PROBLEM DETAILS
The copy you give must match the listing below exactly and contain no pictures.

* * * * * * * * *

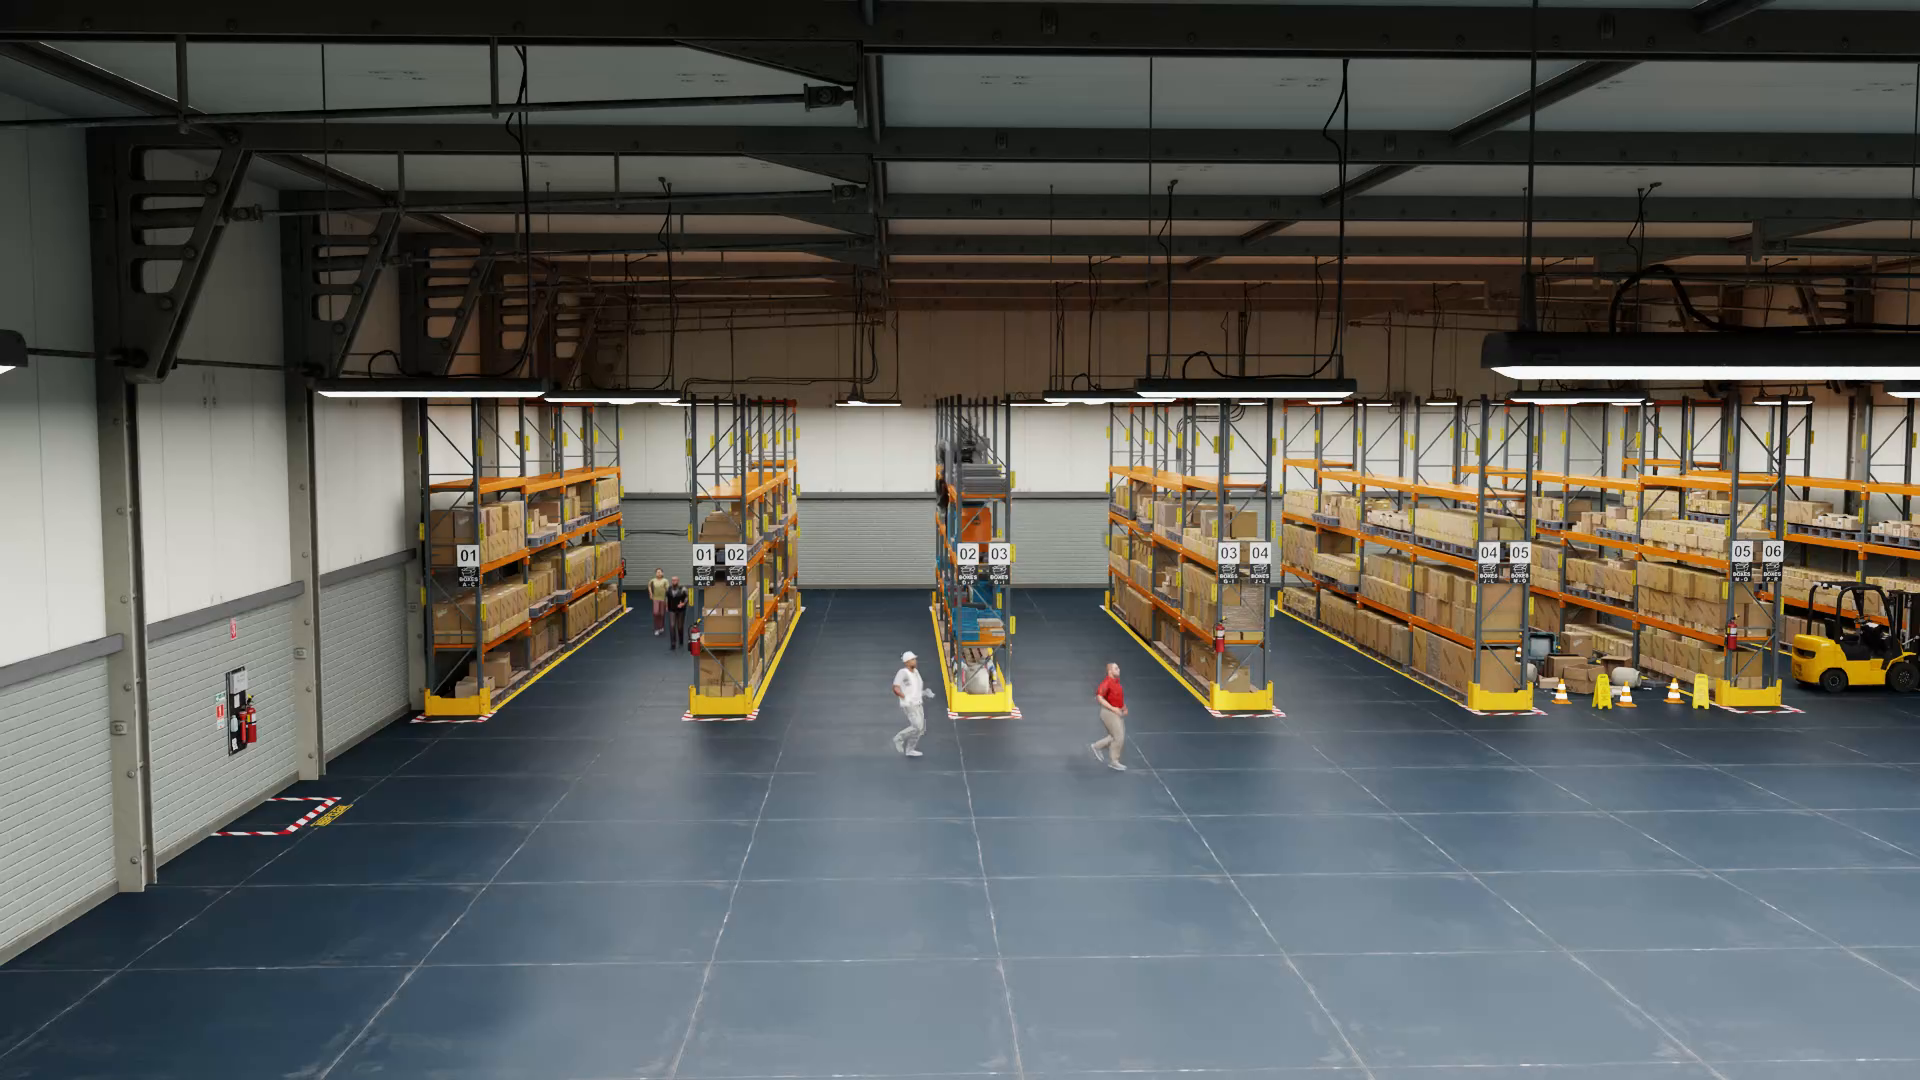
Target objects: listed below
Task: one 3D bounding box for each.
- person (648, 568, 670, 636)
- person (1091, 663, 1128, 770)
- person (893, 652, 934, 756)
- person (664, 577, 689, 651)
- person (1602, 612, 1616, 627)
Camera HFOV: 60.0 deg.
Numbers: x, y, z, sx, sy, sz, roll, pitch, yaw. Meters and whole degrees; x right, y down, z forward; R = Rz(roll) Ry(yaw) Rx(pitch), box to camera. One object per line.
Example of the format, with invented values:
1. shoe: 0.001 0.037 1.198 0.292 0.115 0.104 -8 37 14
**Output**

* * * * * * * * *

REPLY TO THE TASK
Target objects: listed below
Task: one 3D bounding box for each.
- person (648, 568, 670, 636)
- person (1091, 663, 1128, 770)
- person (893, 652, 934, 756)
- person (664, 577, 689, 651)
- person (1602, 612, 1616, 627)
Camera HFOV: 60.0 deg.
Numbers: x, y, z, sx, sy, sz, roll, pitch, yaw. Meters and whole degrees; x right, y down, z forward; R = Rz(roll) Ry(yaw) Rx(pitch), box to camera. One object per line.
Example of the format, with invented values:
1. shoe: 0.001 0.037 1.198 0.292 0.115 0.104 -8 37 14
**Output**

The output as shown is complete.